• _Instructions for the task_
Could the lines from the line bearing "- car [195,193,204,201]" to the end of the records below be copied exactly, with the pictures left out and no other lines added?

-- -- --

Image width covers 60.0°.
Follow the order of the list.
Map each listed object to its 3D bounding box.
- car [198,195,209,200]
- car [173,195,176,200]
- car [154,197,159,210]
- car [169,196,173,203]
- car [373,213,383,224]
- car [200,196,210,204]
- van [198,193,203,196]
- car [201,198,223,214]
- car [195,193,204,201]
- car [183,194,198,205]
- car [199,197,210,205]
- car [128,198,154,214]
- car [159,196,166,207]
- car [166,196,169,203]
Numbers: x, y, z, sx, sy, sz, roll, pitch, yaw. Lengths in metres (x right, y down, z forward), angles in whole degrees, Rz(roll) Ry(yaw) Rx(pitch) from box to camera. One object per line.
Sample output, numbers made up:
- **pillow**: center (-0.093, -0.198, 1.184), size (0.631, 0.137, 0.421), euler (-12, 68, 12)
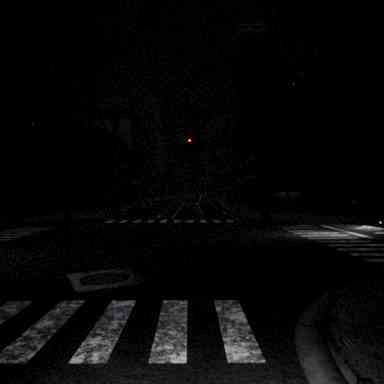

-- -- --

• _Response for this exercise_
- car [195,193,204,201]
- car [183,194,198,205]
- car [199,197,210,205]
- car [128,198,154,214]
- car [159,196,166,207]
- car [166,196,169,203]
Numbers: x, y, z, sx, sy, sz, roll, pitch, yaw. Lengths in metres (x right, y down, z forward), angles in whole degrees, Rz(roll) Ry(yaw) Rx(pitch) from box to camera. One object per line.
Sample output, numbers made up:
- **pillow**: center (-0.093, -0.198, 1.184), size (0.631, 0.137, 0.421), euler (-12, 68, 12)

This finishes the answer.